Раздражение, которое вызывал у меня Аркадий Михайлович, теперь угасло. Я видел перед собой уже стареющего мужчину, с грубым и честным лицом. Взволнованного не за себя, а за Анну. Оберегающего ее покой.
— Не знаю, — сказал я.
— Не надо. Можете думать обо мне все, что вам угодно. Так много горя было у Ани. Зачем вам нужно видеть ее, напоминать обо всем этом опять? — Он прищурил покрасневшие глаза и, верно, досадуя на себя за слабость, тряхнул головой. — Я люблю Анну. Я понял все, что вы хотели сказать. Но она… Нужно ли…

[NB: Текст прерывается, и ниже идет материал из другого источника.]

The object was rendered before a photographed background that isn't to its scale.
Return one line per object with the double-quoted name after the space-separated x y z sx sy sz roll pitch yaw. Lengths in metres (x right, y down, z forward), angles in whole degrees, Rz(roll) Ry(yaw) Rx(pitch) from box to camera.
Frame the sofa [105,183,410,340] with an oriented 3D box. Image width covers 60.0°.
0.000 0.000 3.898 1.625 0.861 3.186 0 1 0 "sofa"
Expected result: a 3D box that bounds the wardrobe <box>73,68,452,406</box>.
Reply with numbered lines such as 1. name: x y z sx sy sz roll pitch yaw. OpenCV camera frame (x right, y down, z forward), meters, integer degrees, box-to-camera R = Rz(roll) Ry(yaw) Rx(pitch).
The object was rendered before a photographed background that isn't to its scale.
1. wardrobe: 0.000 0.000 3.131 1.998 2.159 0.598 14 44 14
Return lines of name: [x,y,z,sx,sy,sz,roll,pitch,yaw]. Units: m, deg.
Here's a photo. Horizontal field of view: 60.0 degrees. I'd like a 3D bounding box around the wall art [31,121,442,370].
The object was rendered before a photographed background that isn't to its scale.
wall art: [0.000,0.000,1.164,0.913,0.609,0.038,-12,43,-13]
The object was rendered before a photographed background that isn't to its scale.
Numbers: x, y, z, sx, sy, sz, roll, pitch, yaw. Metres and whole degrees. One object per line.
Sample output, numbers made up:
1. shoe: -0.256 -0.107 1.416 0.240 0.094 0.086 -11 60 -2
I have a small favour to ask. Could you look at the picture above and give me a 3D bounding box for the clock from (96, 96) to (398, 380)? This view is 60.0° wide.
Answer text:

Он все не мог найти нужного слова. Эта пауза была трудной для нас обоих.
— Анна скоро придет, Аркадий Михайлович?
— С минуты на минуту.
— Вы скажете Андрейке, чтобы он молчал?
— Андрюха любит мать. Он все поймет.
В передней Аркадий Михайлович помог мне одеться. Мы опять пожали друг другу руки.
На лестнице, как всегда весной, пахло сыростью. Перила были влажными.
Я спускался вниз и все не мог решить, правильно ли я делаю, что ухожу, не повидав Анну.
Наверху зачастили шаги. Кто-то быстро бежал по ступенькам и шумно спрыгивал на площадки. Это был Андрейка. Он догнал меня уже в подъезде. Пальто на нем было не застегнуто, кепка зажата в руке.
— Дядя Федя, обождите! — Он запыхался и часто облизывал губы. — Я слышал все… Я провожу вас, можно?
— Конечно, идем… Андрей.
Темнело. Людей на улицах было мало. В окнах зданий зажигались первые огни.
Я сказал Андрейке, что очень боялся идти к ним. Боялся, что они совсем забыли отца. Но, кажется, это не так. Правда, мне непонятно, почему он, Андрейка, ничего не спрашивал у меня о нем.
— Ты можешь объяснить это?
— Мама теперь плачет редко, — не отвечая на вопрос, сказал Андрейка. Он надел кепку. Потом снял опять. — А когда она говорит, что ей очень грустно, я хожу с ней вместе гулять. Просто так. По улицам. И ей от этого лучше. И мама говорит, что очень хорошо то, что я есть. То есть, что я родился. Понимаете?